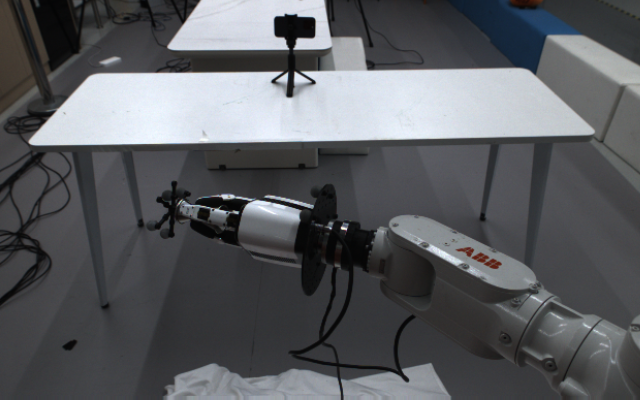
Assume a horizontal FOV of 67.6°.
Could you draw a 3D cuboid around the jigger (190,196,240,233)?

☆ ☆ ☆

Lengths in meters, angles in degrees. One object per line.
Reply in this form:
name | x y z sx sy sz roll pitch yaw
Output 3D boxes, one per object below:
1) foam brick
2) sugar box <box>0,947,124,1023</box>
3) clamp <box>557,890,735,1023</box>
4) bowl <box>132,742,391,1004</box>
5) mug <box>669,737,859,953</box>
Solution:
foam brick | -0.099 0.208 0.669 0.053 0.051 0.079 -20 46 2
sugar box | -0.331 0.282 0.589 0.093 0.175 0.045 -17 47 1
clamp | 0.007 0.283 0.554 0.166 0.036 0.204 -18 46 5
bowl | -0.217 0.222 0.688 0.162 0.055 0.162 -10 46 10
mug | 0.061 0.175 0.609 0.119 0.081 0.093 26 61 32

☆ ☆ ☆

- INSTRUCTIONS FOR THE TASK -
Please give back exactly the lines of the listing above that run from the one containing "Assume a horizontal FOV of 67.6°." through the one containing "Could you draw", and only those.

- EXERCISE OUTPUT -
Assume a horizontal FOV of 67.6°.
Could you draw a 3D cuboid around the jigger (190,196,240,233)?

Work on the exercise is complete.